Arduino-serial: C code to talk to Arduino

The Arduino’s USB port is actually a serial port in disguise. To your computer it appears as a ‘virtual’ serial port. This is good news if you want to write custom code on your computer to talk with the Arduino, as talking to serial ports is a well-solved problem. (Unfortunately, so well-solved that there’s many ways of solving it.)

On the Arduino forum there’s been a few requests for some example C code of how to talk to Arduino. The nice thing about standard POSIX C code is that it works on every computer (Mac/Linux/PC) and doesn’t require any extra libraries (like what Java and Python need). The bad thing about C is that it can be pretty incomprehensible.

Here is arduino-serial.c, a command-line C program that shows how to send data to and receive data from an Arduino board. It attempts to be as simple as possible while being complete enough in the port configuration to let you send and receive arbitrary binary data, not just ASCII. It’s not a great example of C coding, but from it you should be able to glean enough tricks to write your own stuff.

Usage


laptop% gcc -o arduino-serial arduino-serial.c
laptop% ./arduino-serial
Usage: arduino-serial -p <serialport> [OPTIONS]

Options:
-h, --help Print this help message
-p, --port=serialport Serial port Arduino is on
-b, --baud=baudrate Baudrate (bps) of Arduino
-s, --send=data Send data to Arduino
-r, --receive Receive data from Arduino & print it out
-n --num=num Send a number as a single byte
-d --delay=millis Delay for specified milliseconds

Note: Order is important. Set '-b' before doing '-p'.
Used to make series of actions: '-d 2000 -s hello -d 100 -r'
means 'wait 2secs, send 'hello', wait 100msec, get reply'

Example Use

Send the single ASCII character “6″ to Arduino

laptop% ./arduino-serial -b 9600 -p /dev/tty.usbserial -s 6

This would cause the Arduino to blink 6 times if you’re using the serial_read_blink.pde sketch from Spooky Arduino.

Send the string “furby” to Arduino

laptop% ./arduino-serial -b 9600 -p /dev/cu.usbserial -s furby

Receive data from Arduino

laptop% ./arduino-serial -b 9600 -p /dev/cu.usbserial -r
read: 15 Hello world!

The output is what you would expect if you were running the serial_hello_world.pde sketch from Spooky Arduino.
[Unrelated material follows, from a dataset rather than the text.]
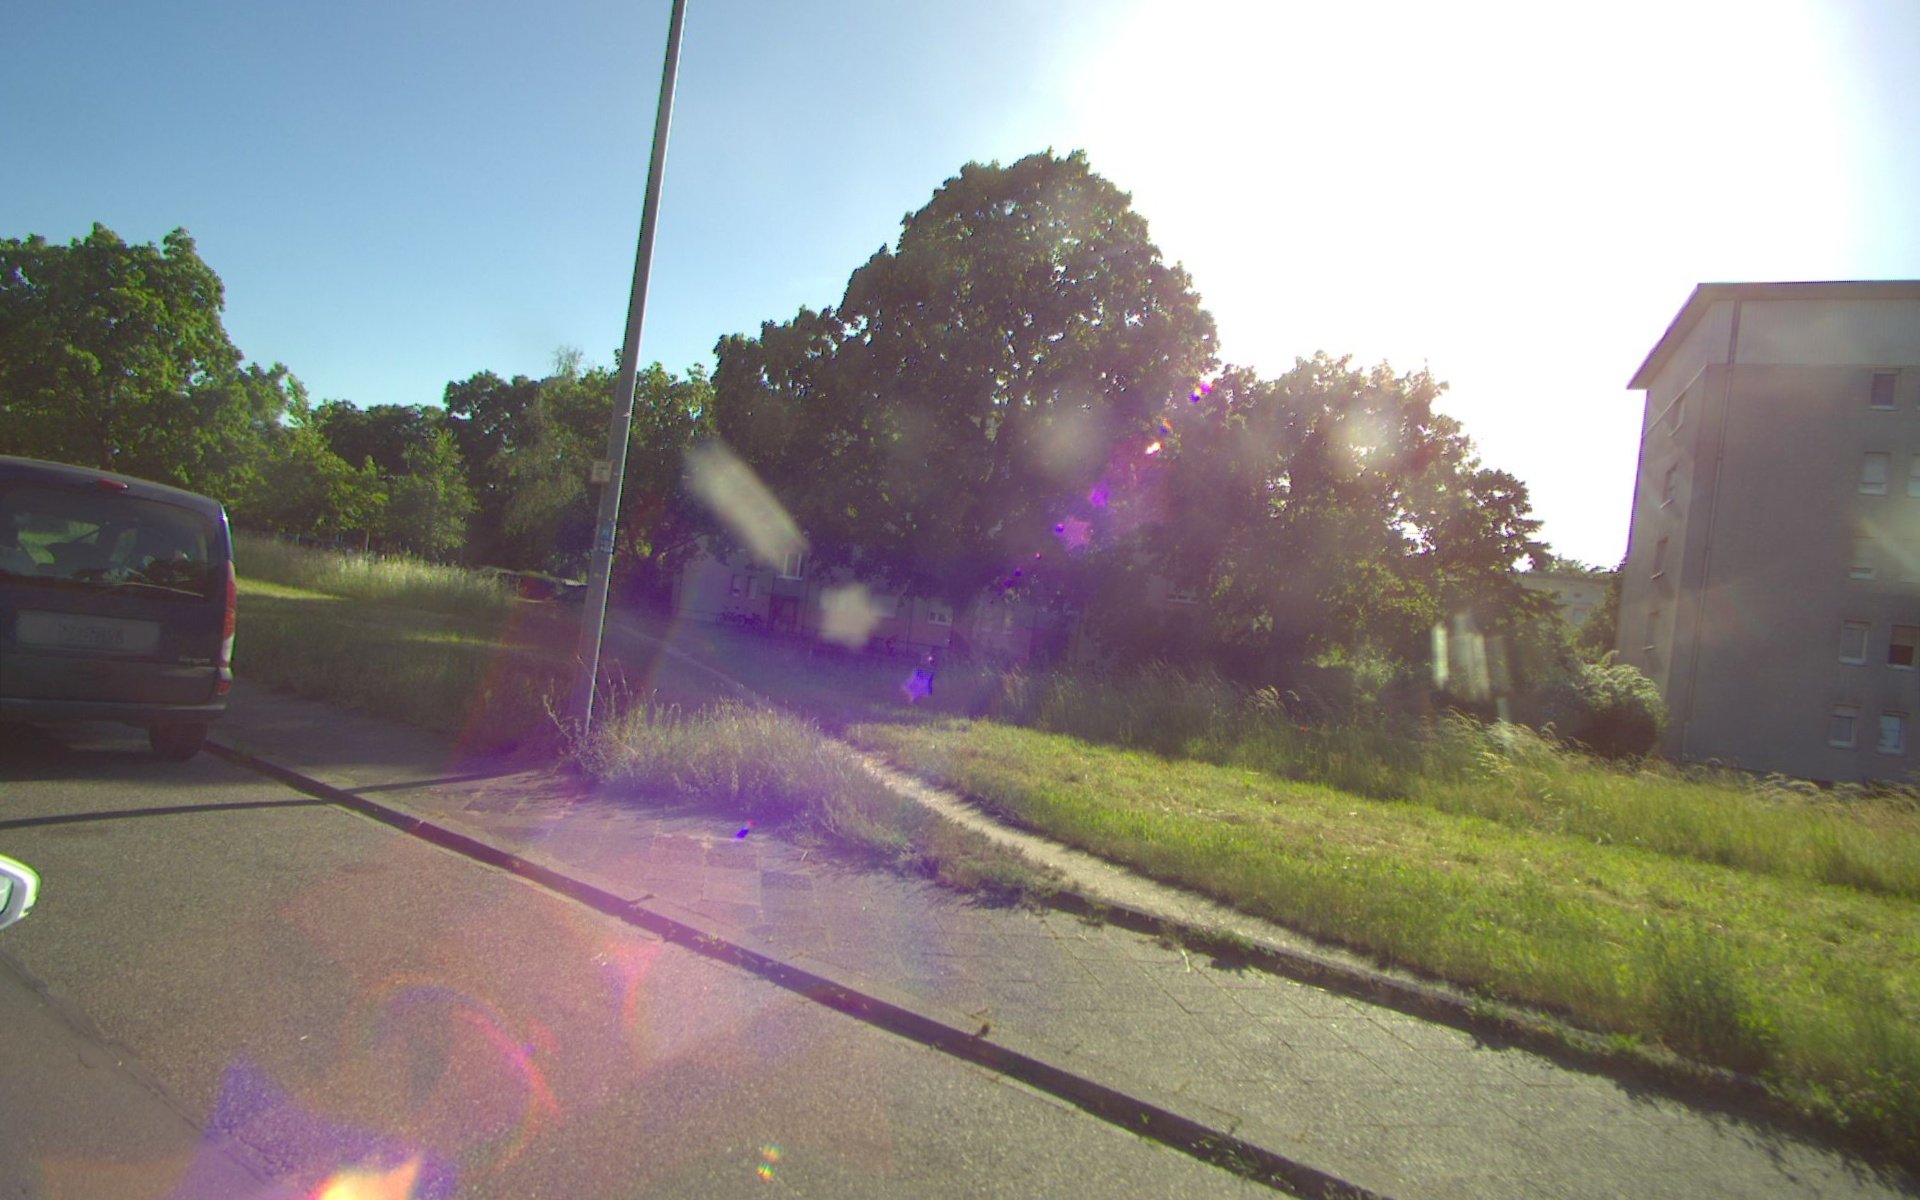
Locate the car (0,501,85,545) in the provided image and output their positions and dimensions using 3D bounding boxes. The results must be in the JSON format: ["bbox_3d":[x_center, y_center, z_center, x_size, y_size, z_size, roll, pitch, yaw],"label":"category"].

Send ASCII string “get” to Arduino and receive result

laptop% ./arduino-serial -b 9600 -p /dev/cu.usbserial -s get -r
read: d=0

Internals

There are three interesting functions that show how to implement talking to serial ports in C:

  • int serialport_init(const char* serialport, int baud)
    — given a serial port name and a speed, return a file descriptor to the open serial port.
  • int serialport_write(int fd, const char* str)
    – write out a string on the given a serial port file descriptor
  • int serialport_read_until(int fd, char* buf, char until)
    – read from serial port into a buffer until a given character is received

You can and should write improved versions of the read and write functions that better match your application.

Update 8 Dec 2006:
Justin McBride sent in a patch because it turns out Linux’s termios.h doesn’t define B14400 & B28800. I’ve updated arduino-serial.c to include the patch, but commented out for now. No one uses those baudrates much anyway. :) If you need them, uncomment the additions out, or better yet, download Justin’s tarball that includes the changes and a Makefile to auto-detect your platform.

Update 26 Dec 2007:
Added ability to sent binary bytes with the ‘-n’ flag.
Added a delay option so you can open a port, wait a bit, then send data. This is useful when using an Arduino Diecimila which resets on serial port open.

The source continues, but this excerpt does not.